Picture: BLOOMBERG/BRYAN VAN DER BEEK
Picture: BLOOMBERG/BRYAN VAN DER BEEK

JSE-listed real estate investment trust Octodec Investments has withdrawn its guidance and diversified its sources of funding as it prepares for the fallout from the Covid-19 pandemic.

The group, which has properties in the Johannesburg and Tshwane city centres, said it has recently secured a new R225m loan facility with Absa and is bracing for the prospect that some businesses may not be able to pay rent.

“Within reason, Octodec is committed to assisting its tenants to navigate through this challenging period and is dealing with requests for rental relief on a case-by-case basis, as a tenant-retention strategy.”

The group, which has a portfolio valued at about R12.8bn, said it has cash and undrawn facilities in excess of R600m, and remains well within its debt covenants. 

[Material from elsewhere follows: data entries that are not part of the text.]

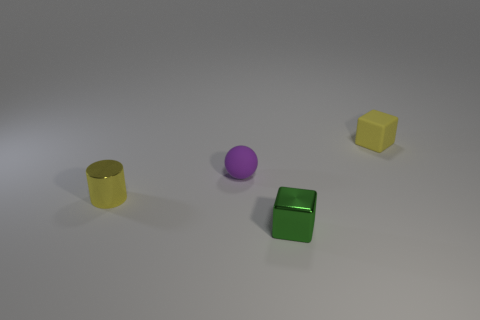Subtract all yellow cubes. How many cubes are left? 1 Add 4 gray blocks. How many objects exist? 8 Subtract all cylinders. How many objects are left? 3 Subtract all purple cylinders. How many yellow cubes are left? 1 Subtract all green metal cubes. Subtract all small yellow rubber blocks. How many objects are left? 2 Add 2 small metal cylinders. How many small metal cylinders are left? 3 Add 1 tiny shiny cubes. How many tiny shiny cubes exist? 2 Subtract 1 purple spheres. How many objects are left? 3 Subtract all purple blocks. Subtract all green spheres. How many blocks are left? 2 
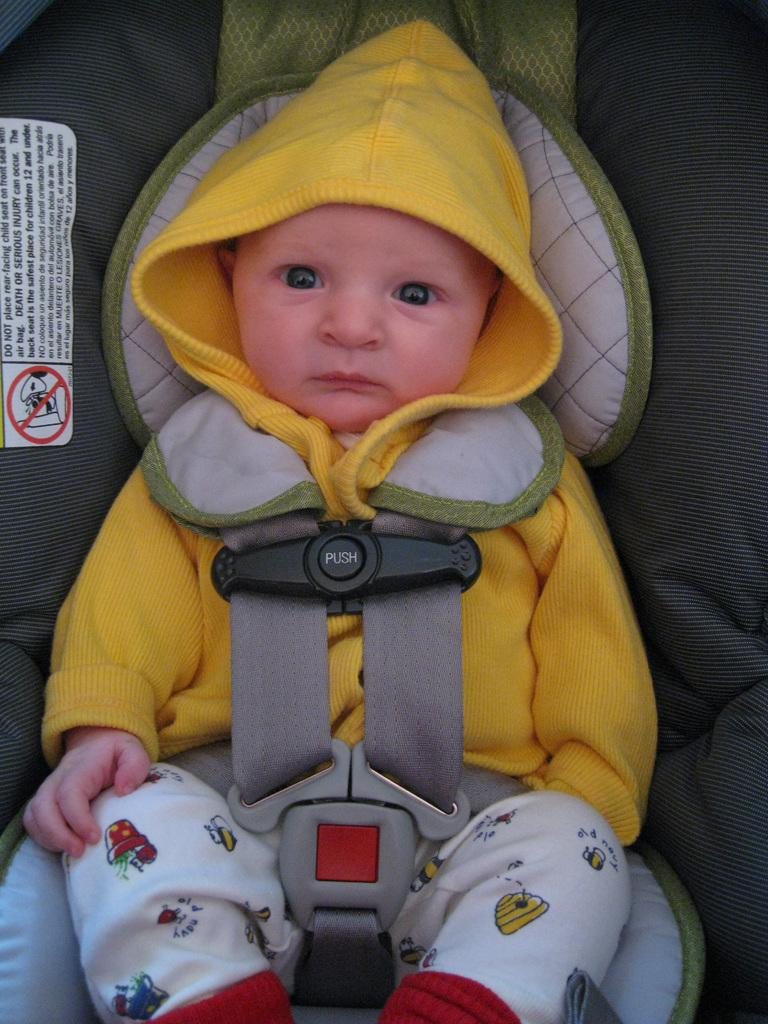Who is the main subject in the picture? There is a boy in the picture. What is the boy wearing? The boy is wearing a yellow hoodie and white trousers. What is the boy doing in the picture? The boy is sitting on a trolley. What type of club does the boy belong to in the picture? There is no indication in the picture that the boy belongs to any club. 
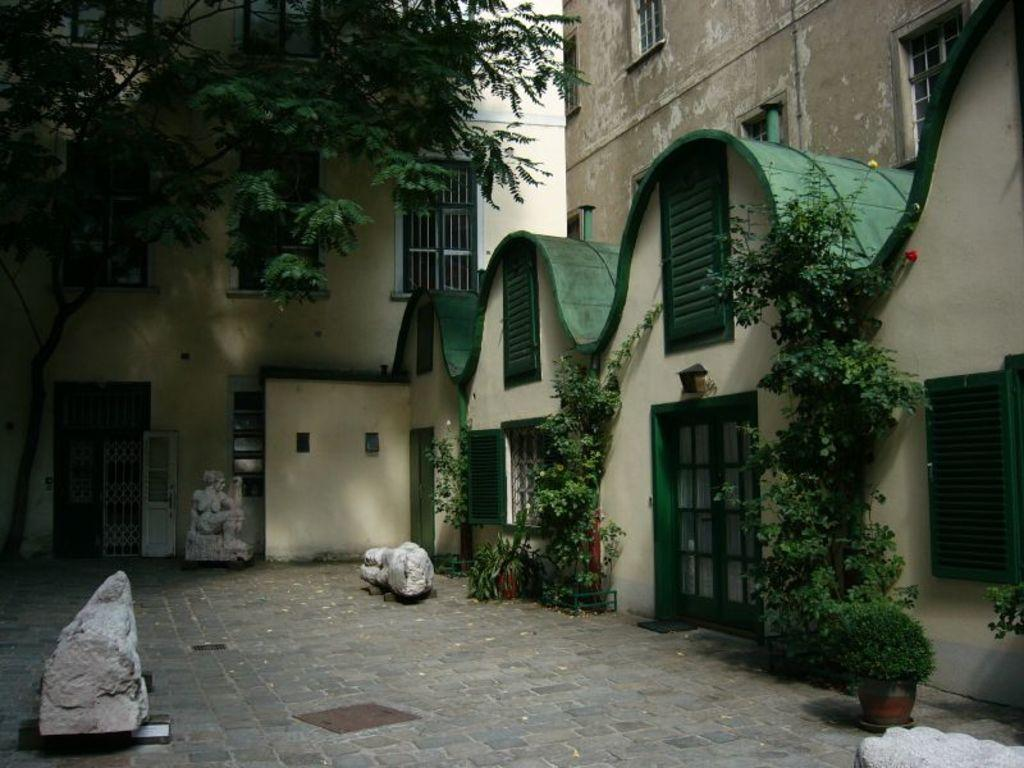What type of objects can be seen in the image? There are statues, plants, buildings, windows, and doors in the image. Can you describe the architectural elements in the image? The image features buildings with windows and doors. What type of natural elements are present in the image? There are plants in the image. What type of clouds can be seen in the image? There are no clouds present in the image. What news is being reported by the statues in the image? The statues in the image are not reporting any news; they are stationary objects. 
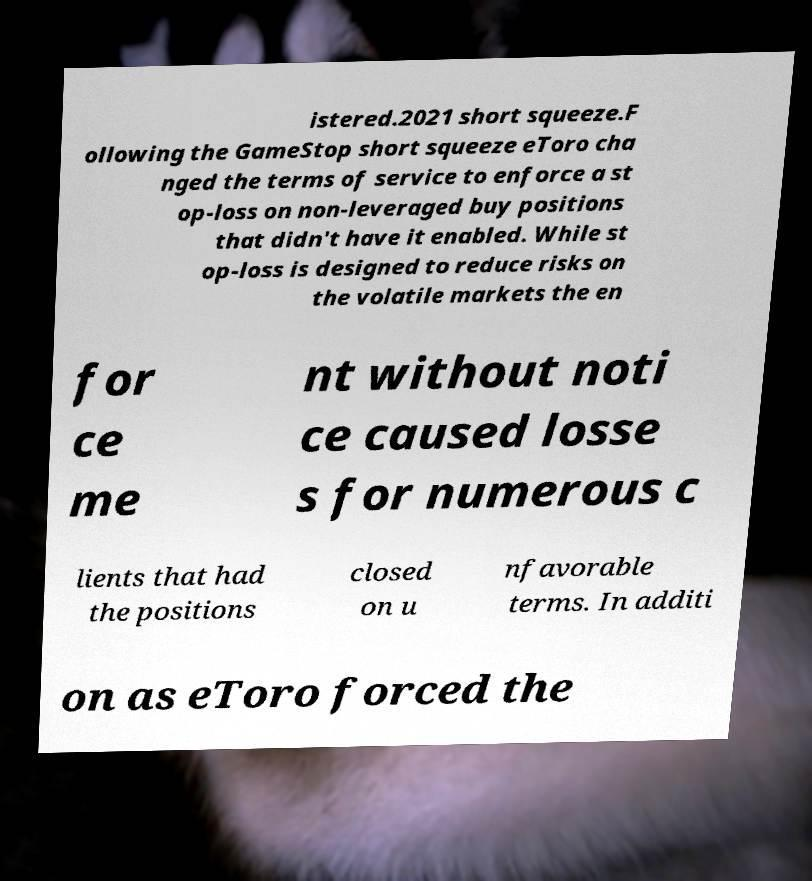Could you extract and type out the text from this image? istered.2021 short squeeze.F ollowing the GameStop short squeeze eToro cha nged the terms of service to enforce a st op-loss on non-leveraged buy positions that didn't have it enabled. While st op-loss is designed to reduce risks on the volatile markets the en for ce me nt without noti ce caused losse s for numerous c lients that had the positions closed on u nfavorable terms. In additi on as eToro forced the 
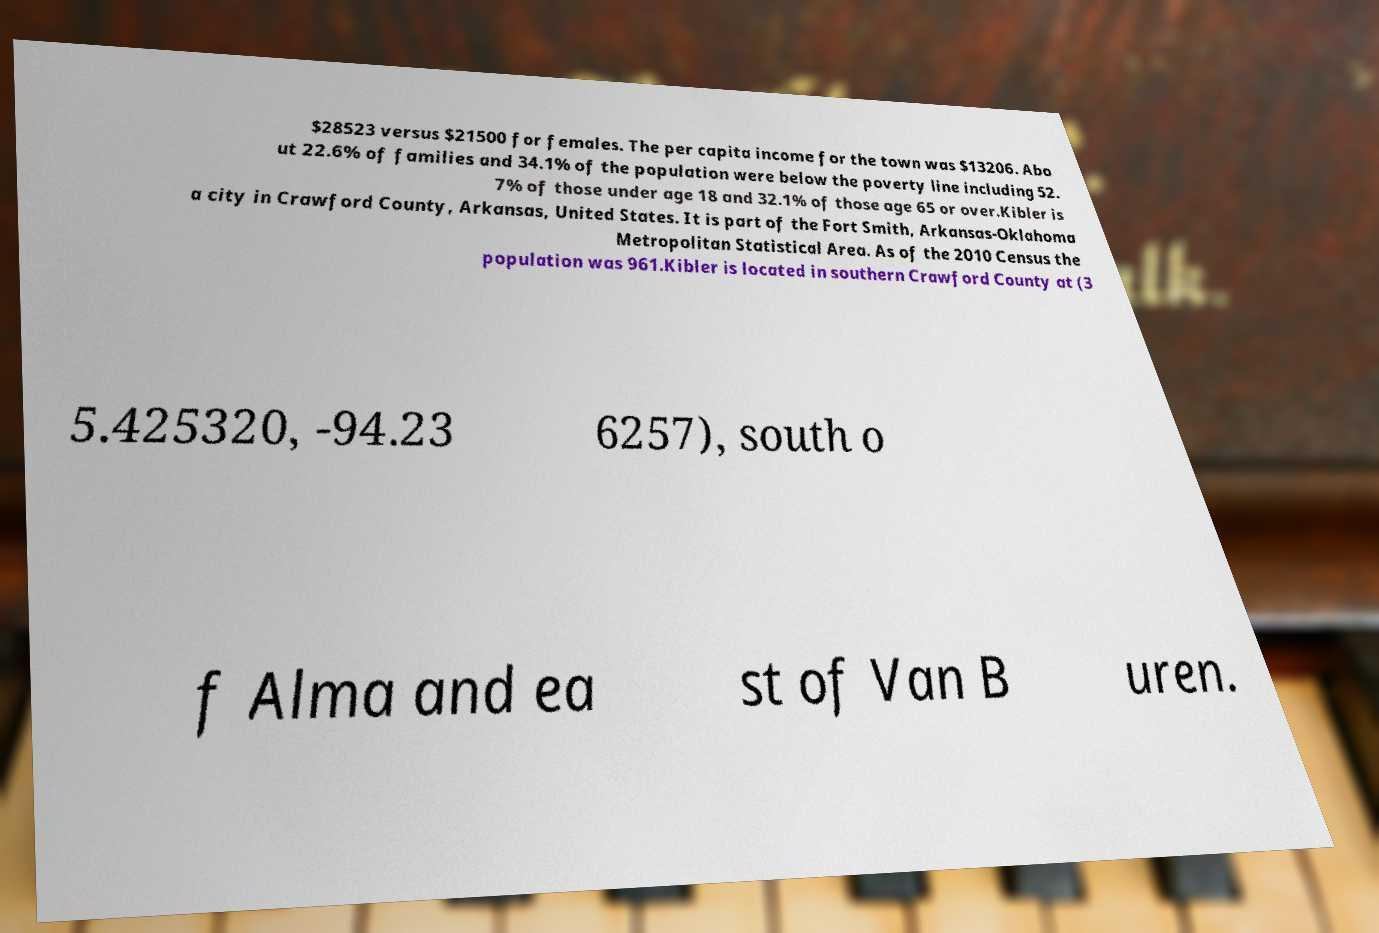I need the written content from this picture converted into text. Can you do that? $28523 versus $21500 for females. The per capita income for the town was $13206. Abo ut 22.6% of families and 34.1% of the population were below the poverty line including 52. 7% of those under age 18 and 32.1% of those age 65 or over.Kibler is a city in Crawford County, Arkansas, United States. It is part of the Fort Smith, Arkansas-Oklahoma Metropolitan Statistical Area. As of the 2010 Census the population was 961.Kibler is located in southern Crawford County at (3 5.425320, -94.23 6257), south o f Alma and ea st of Van B uren. 
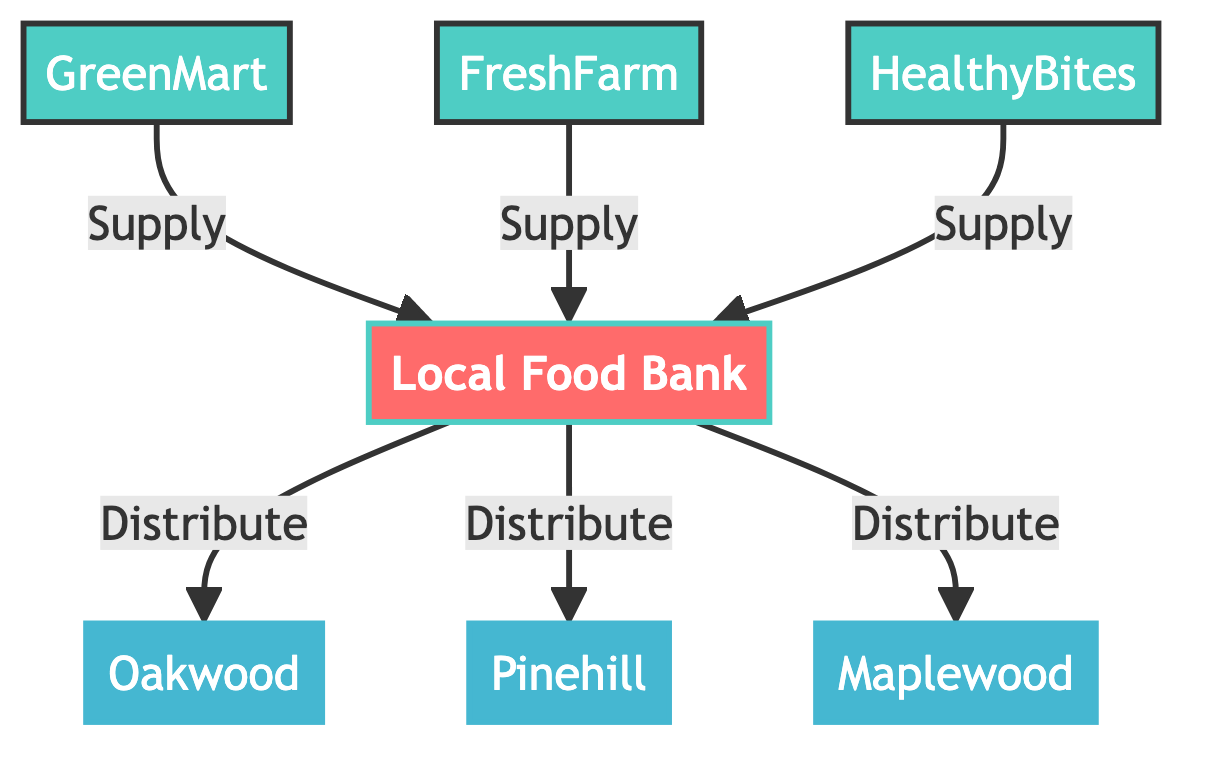What's the total number of nodes in the diagram? The diagram includes three types of nodes: one central node (Local Food Bank), three supply nodes (Grocery Store - GreenMart, Grocery Store - FreshFarm, Restaurant - HealthyBites), and three demand nodes (Community Center - Oakwood, Community Center - Pinehill, Community Center - Maplewood). Adding them up gives a total of 7 nodes.
Answer: 7 Which community center receives food from the Local Food Bank? The Local Food Bank distributes food to three community centers: Oakwood, Pinehill, and Maplewood. The diagram explicitly shows arrows from the Food Bank to each of these centers, indicating the flow of food distribution.
Answer: Oakwood, Pinehill, Maplewood How many supply links are present in the distribution network? There are three supply links from the grocery stores and restaurant to the Local Food Bank. The diagram specifically shows links from GreenMart, FreshFarm, and HealthyBites, totaling three links.
Answer: 3 What is the role of the Local Food Bank in the distribution network? The Local Food Bank serves as the central node that receives supplies from various sources (supply nodes) and distributes them to community centers (demand nodes). It connects all supply nodes to the demand nodes, acting as the main hub in the network.
Answer: Central hub Which supply node connects with HealthyBites? The HealthyBites restaurant connects to the Local Food Bank as a supply node. The diagram shows a link from HealthyBites to the Food Bank, confirming its role as a source of food supplies for redistribution.
Answer: Local Food Bank How many demand nodes are served by the Local Food Bank? The Local Food Bank serves three demand nodes: Oakwood, Pinehill, and Maplewood. The diagram indicates that the Food Bank distributes food to all these three centers, confirming their status as demand nodes.
Answer: 3 What type of node is FreshFarm in the network? FreshFarm is classified as a supply node in the network diagram. It provides food supplies to the Local Food Bank, which is evident from the directed link indicating supply from FreshFarm to the Food Bank.
Answer: Supply node What is the type of connection between the Food Bank and Community Center - Oakwood? The connection type between the Food Bank and Community Center - Oakwood is a distribution link. The diagram specifies this relationship, indicating that food is distributed from the Food Bank to this community center.
Answer: Distribution link

Octodec had said in October it expected no distribution growth for its year to end-August 2020, but has now withdrawn this.

“The flat GDP growth, rife unemployment, reduced disposable income and the uncertain political environment remain at levels that are not conducive to local economic growth,” the company said at the time.

In afternoon trade on Tuesday, the share price was up 3.55% to R7.30, having fallen 52.44% so far in 2020.